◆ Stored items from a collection
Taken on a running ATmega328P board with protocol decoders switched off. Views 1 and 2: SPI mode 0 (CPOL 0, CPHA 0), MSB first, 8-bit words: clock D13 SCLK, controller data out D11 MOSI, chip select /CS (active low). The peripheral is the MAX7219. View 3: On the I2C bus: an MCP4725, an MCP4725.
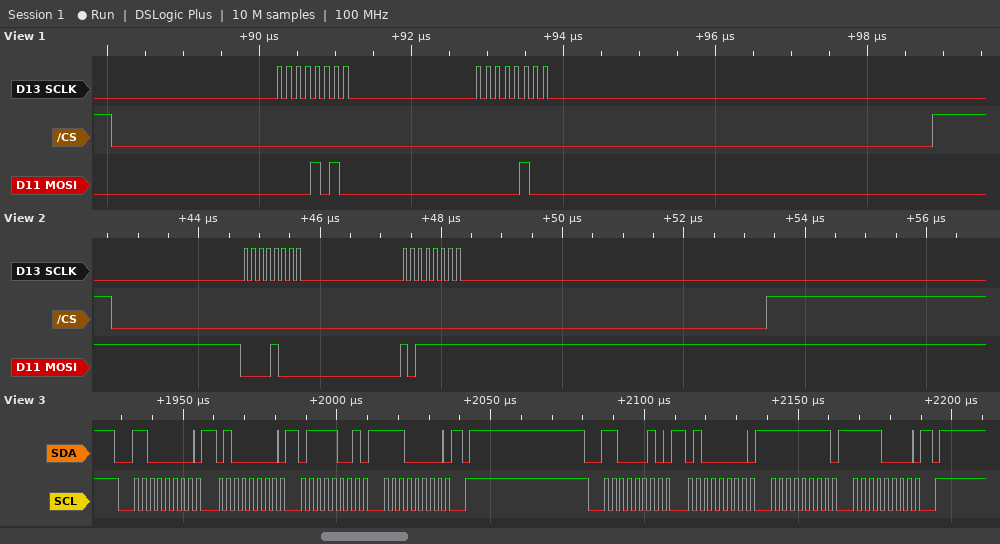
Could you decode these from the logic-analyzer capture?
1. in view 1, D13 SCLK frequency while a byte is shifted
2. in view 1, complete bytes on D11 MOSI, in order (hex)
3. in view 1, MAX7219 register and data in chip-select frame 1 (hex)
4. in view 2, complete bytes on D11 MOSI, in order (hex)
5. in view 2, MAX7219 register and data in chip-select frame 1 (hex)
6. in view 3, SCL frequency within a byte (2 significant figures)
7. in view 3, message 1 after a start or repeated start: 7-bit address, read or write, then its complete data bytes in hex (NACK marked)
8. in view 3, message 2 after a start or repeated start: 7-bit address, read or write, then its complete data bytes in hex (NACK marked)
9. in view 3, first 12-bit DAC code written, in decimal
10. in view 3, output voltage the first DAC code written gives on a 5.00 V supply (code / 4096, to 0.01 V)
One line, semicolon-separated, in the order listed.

8 MHz; 0A 04; register 0xA, data 0x04; 0x08 0xBF; register 0x8, data 0xBF; 400 kHz; 0x60 write: 40 79 E0; 0x61 write: 40 FF F0; 1950; 2.38 V

◆ Exercise details
Repeat, without change, each line of the data above from the one that contains "Could you decode" through the final line, counting both.

◆ Task response
Could you decode these from the logic-analyzer capture?
1. in view 1, D13 SCLK frequency while a byte is shifted
2. in view 1, complete bytes on D11 MOSI, in order (hex)
3. in view 1, MAX7219 register and data in chip-select frame 1 (hex)
4. in view 2, complete bytes on D11 MOSI, in order (hex)
5. in view 2, MAX7219 register and data in chip-select frame 1 (hex)
6. in view 3, SCL frequency within a byte (2 significant figures)
7. in view 3, message 1 after a start or repeated start: 7-bit address, read or write, then its complete data bytes in hex (NACK marked)
8. in view 3, message 2 after a start or repeated start: 7-bit address, read or write, then its complete data bytes in hex (NACK marked)
9. in view 3, first 12-bit DAC code written, in decimal
10. in view 3, output voltage the first DAC code written gives on a 5.00 V supply (code / 4096, to 0.01 V)
One line, semicolon-separated, in the order listed.

8 MHz; 0A 04; register 0xA, data 0x04; 0x08 0xBF; register 0x8, data 0xBF; 400 kHz; 0x60 write: 40 79 E0; 0x61 write: 40 FF F0; 1950; 2.38 V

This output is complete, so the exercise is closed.